- Opening Delimiter -
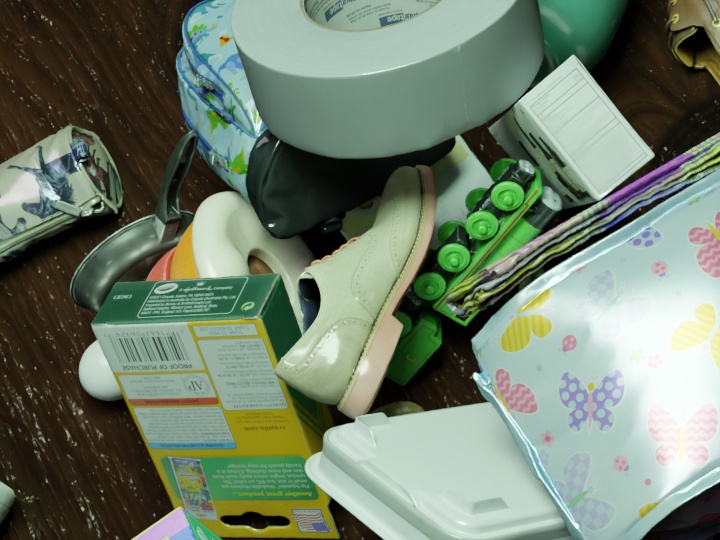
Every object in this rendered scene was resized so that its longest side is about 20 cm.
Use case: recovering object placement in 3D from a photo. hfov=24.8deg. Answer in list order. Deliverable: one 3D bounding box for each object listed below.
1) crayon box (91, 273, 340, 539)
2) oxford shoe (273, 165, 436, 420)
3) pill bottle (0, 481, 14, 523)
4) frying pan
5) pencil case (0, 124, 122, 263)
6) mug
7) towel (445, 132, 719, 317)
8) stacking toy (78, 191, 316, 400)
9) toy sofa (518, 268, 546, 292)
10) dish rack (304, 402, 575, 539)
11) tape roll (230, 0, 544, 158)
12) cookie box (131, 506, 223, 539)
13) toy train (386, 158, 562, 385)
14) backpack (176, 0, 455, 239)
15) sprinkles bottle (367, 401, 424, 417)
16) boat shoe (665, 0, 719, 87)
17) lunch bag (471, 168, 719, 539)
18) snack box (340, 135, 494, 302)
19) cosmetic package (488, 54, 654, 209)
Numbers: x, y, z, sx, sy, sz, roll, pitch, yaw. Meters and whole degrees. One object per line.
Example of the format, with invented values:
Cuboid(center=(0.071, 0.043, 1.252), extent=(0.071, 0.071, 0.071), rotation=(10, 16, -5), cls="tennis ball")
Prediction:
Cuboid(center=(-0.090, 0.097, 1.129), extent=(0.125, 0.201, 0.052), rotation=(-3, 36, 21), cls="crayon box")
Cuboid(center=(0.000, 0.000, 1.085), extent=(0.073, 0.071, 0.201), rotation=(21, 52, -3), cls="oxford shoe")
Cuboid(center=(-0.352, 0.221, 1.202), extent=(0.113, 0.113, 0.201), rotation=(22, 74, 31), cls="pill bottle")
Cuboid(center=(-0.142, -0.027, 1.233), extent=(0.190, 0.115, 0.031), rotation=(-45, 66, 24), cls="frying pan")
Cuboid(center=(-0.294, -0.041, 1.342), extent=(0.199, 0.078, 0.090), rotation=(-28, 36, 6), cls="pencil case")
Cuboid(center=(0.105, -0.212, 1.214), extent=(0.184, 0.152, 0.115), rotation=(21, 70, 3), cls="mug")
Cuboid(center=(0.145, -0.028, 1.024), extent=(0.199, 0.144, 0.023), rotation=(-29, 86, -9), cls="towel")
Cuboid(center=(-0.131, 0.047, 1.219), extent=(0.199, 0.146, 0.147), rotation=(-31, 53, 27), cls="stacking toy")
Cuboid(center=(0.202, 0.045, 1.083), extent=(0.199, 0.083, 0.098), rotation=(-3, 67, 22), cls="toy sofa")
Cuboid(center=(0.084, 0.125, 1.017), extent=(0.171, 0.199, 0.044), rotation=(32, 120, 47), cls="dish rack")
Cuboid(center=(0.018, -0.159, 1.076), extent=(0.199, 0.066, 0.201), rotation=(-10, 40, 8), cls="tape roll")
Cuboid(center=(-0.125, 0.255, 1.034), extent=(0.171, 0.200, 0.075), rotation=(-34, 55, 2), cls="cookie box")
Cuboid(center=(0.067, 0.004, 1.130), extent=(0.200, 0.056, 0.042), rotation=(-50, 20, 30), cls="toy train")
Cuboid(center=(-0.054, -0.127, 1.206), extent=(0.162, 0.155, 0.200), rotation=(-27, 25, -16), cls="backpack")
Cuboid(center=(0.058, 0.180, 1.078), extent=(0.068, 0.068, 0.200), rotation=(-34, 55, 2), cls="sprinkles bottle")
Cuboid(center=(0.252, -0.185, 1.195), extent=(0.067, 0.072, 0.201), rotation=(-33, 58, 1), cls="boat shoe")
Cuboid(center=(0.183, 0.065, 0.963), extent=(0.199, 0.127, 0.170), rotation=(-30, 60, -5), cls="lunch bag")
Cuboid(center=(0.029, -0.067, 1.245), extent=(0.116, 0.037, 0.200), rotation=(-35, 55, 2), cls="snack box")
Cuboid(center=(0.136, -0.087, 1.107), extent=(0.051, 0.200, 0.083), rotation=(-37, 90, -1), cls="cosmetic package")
- Closing Delimiter -
- Opening Delimiter -
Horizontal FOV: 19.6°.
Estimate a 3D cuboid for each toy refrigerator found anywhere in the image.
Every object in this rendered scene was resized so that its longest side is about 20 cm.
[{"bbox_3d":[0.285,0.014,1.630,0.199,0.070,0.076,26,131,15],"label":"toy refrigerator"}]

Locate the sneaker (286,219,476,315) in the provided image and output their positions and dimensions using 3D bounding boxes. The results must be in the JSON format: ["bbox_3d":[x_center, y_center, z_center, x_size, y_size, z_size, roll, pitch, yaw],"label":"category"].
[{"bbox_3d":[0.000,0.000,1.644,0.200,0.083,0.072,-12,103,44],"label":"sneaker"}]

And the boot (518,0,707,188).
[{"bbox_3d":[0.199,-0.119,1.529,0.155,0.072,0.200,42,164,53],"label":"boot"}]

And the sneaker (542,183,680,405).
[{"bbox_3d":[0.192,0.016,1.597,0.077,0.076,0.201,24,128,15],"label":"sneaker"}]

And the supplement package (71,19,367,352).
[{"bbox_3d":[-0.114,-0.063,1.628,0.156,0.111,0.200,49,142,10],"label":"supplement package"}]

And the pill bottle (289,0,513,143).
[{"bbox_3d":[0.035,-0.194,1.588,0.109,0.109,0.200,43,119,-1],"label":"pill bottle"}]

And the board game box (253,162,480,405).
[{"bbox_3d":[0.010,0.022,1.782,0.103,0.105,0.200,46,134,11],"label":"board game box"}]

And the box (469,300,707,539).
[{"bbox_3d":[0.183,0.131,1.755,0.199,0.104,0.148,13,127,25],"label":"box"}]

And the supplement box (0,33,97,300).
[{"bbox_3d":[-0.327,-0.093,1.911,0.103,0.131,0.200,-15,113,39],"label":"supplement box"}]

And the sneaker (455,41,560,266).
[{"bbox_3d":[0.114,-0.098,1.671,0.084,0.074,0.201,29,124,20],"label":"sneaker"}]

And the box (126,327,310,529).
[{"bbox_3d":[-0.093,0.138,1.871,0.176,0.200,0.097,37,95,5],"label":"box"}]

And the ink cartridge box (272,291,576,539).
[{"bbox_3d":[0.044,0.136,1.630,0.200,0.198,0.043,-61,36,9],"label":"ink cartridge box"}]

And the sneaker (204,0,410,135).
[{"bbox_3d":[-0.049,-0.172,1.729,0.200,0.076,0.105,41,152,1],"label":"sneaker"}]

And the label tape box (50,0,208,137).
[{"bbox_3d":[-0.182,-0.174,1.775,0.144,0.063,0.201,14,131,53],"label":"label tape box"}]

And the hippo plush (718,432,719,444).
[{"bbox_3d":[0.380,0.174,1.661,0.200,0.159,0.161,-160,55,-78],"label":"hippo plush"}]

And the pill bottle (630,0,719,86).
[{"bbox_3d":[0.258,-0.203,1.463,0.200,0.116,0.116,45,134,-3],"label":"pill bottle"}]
- Closing Delimiter -
### EXERCISE AIM
An answer is complete only when it holds every line above containing the string "each".

### TASK ANSWER
Use case: recovering object placement in 3D from a photo. hfov=24.8deg. Answer in list order. Deliverable: one 3D bounding box for each object listed below.
Estimate a 3D cuboid for each toy refrigerator found anywhere in the image.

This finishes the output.